ACTIVITY
Whenever a line of the data below holds the string "item", copy that line.

[Data extracted from a collection]

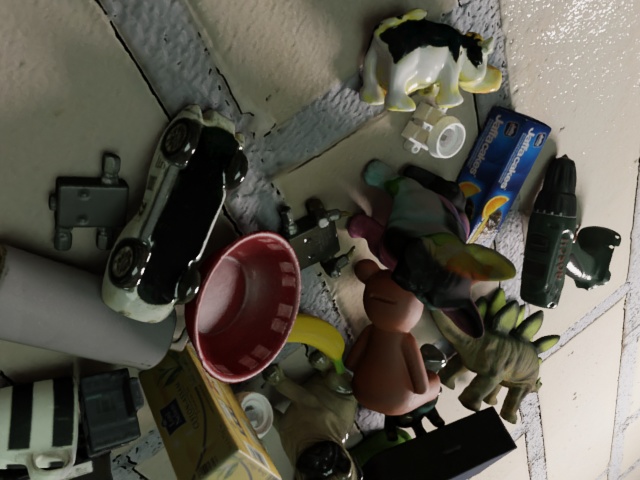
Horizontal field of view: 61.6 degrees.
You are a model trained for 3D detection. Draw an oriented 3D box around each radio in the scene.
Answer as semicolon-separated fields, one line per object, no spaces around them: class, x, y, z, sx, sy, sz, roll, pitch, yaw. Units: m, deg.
radio;0.168;0.336;0.806;0.229;0.073;0.131;-10;145;-25

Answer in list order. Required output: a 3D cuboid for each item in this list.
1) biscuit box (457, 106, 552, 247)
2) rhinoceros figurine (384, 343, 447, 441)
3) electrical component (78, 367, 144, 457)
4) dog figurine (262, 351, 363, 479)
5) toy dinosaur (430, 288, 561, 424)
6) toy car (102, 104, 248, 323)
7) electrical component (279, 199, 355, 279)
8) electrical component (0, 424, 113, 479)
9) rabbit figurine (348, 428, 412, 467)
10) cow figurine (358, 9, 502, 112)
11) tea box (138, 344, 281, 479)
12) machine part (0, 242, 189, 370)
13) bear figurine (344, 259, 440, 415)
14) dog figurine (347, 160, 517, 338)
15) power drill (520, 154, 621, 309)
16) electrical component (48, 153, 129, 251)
biscuit box;0.222;-0.070;0.711;0.063;0.059;0.202;6;115;-36
rhinoceros figurine;0.150;0.239;0.838;0.073;0.112;0.190;6;133;-6
electrical component;-0.209;0.170;0.535;0.048;0.075;0.119;-9;163;-30
dog figurine;0.019;0.252;0.699;0.172;0.191;0.121;-12;125;-29
toy dinosaur;0.285;0.183;0.900;0.471;0.105;0.198;30;92;-42
toy car;-0.129;-0.024;0.486;0.073;0.056;0.201;27;81;-45
electrical component;-0.002;0.000;0.617;0.078;0.045;0.102;-23;130;-22
electrical component;-0.292;0.273;0.595;0.115;0.058;0.134;-5;122;-29
rabbit figurine;0.147;0.416;0.907;0.159;0.170;0.121;-25;131;-17
cow figurine;0.124;-0.191;0.564;0.167;0.068;0.098;-15;120;-27
tea box;-0.123;0.201;0.584;0.068;0.170;0.098;-40;132;-7
machine part;-0.222;0.067;0.491;0.243;0.079;0.079;29;100;-43
bear figurine;0.099;0.124;0.718;0.132;0.120;0.195;-2;98;-62
dog figurine;0.136;0.008;0.598;0.191;0.219;0.108;5;119;-35
power drill;0.401;-0.002;0.853;0.207;0.086;0.232;11;94;-46
electrical component;-0.204;-0.033;0.474;0.063;0.021;0.094;0;119;-33
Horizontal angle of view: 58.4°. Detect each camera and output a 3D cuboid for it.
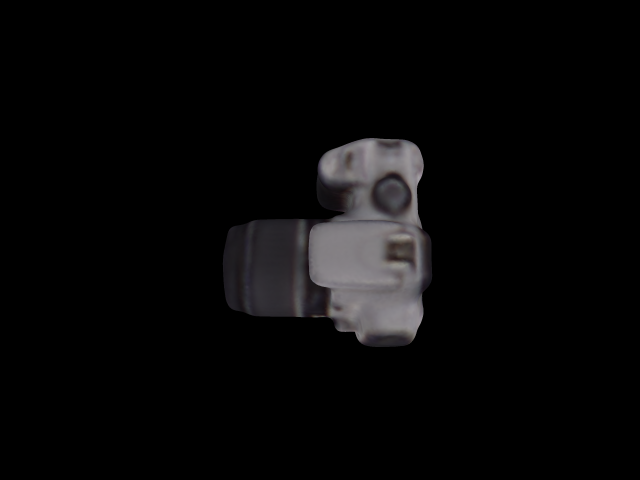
[{"bbox_3d":[0.004,0.001,0.400,0.137,0.101,0.143,0,77,0],"label":"camera"}]
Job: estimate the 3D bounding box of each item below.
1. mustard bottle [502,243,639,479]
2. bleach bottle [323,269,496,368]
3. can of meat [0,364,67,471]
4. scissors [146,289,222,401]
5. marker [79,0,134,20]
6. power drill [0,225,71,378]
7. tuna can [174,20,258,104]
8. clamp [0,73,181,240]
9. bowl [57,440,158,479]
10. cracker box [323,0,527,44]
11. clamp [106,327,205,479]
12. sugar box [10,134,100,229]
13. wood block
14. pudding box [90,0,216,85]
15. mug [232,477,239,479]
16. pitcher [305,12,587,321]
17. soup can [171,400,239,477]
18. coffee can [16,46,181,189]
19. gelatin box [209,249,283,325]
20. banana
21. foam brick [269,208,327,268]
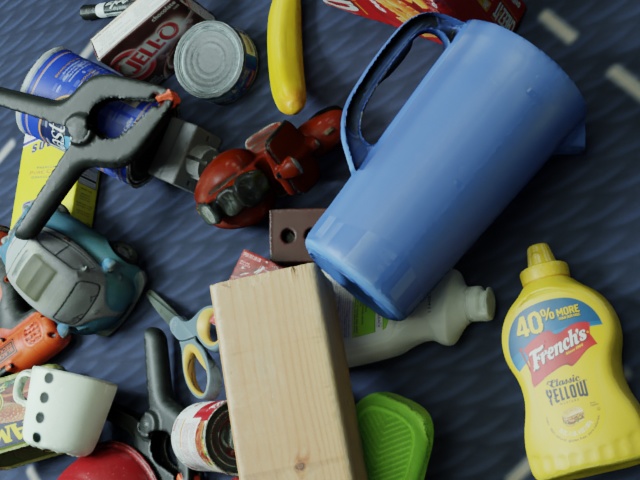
[{"bbox_3d":[0.200,0.094,0.868,0.096,0.058,0.191,-21,67,26],"label":"mustard bottle"},{"bbox_3d":[0.035,0.075,0.969,0.251,0.068,0.102,-6,73,27],"label":"bleach bottle"},{"bbox_3d":[-0.309,0.188,1.132,0.102,0.057,0.084,-16,64,1],"label":"can of meat"},{"bbox_3d":[-0.128,0.074,1.045,0.096,0.016,0.202,-62,36,23],"label":"scissors"},{"bbox_3d":[-0.234,-0.271,1.248,0.121,0.020,0.020,0,77,31],"label":"marker"},{"bbox_3d":[-0.380,0.090,1.215,0.184,0.057,0.188,-35,65,14],"label":"power drill"},{"bbox_3d":[-0.111,-0.189,1.131,0.086,0.033,0.086,-1,88,21],"label":"tuna can"},{"bbox_3d":[-0.237,-0.097,1.060,0.210,0.036,0.164,-13,89,8],"label":"clamp"},{"bbox_3d":[-0.224,0.281,1.051,0.162,0.055,0.162,-4,83,39],"label":"bowl"},{"bbox_3d":[0.062,-0.249,0.981,0.214,0.164,0.072,26,89,33],"label":"cracker box"},{"bbox_3d":[-0.160,0.174,1.069,0.172,0.039,0.120,43,113,31],"label":"clamp"},{"bbox_3d":[-0.297,-0.082,1.217,0.093,0.048,0.176,-3,76,28],"label":"sugar box"},{"bbox_3d":[-0.022,0.134,0.863,0.091,0.090,0.206,-12,74,8],"label":"wood block"},{"bbox_3d":[-0.178,-0.221,1.159,0.114,0.089,0.039,-38,60,16],"label":"pudding box"},{"bbox_3d":[-0.065,0.259,0.950,0.093,0.117,0.081,7,73,61],"label":"mug"},{"bbox_3d":[0.092,-0.062,0.894,0.149,0.145,0.243,34,82,38],"label":"pitcher"},{"bbox_3d":[-0.091,0.182,0.985,0.102,0.068,0.068,159,118,-63],"label":"soup can"},{"bbox_3d":[-0.234,-0.130,1.133,0.140,0.102,0.103,26,91,11],"label":"coffee can"},{"bbox_3d":[-0.042,0.059,0.949,0.089,0.030,0.073,23,82,18],"label":"gelatin box"},{"bbox_3d":[-0.035,-0.190,1.074,0.037,0.070,0.198,-3,58,-2],"label":"banana"},{"bbox_3d":[-0.007,0.001,1.002,0.078,0.051,0.053,-2,77,2],"label":"foam brick"}]

WORKED SOLUTION
Answer in list order. Required output: a 3D cuboid for each item in this list.
Job: estimate the 3D bounding box of each item below.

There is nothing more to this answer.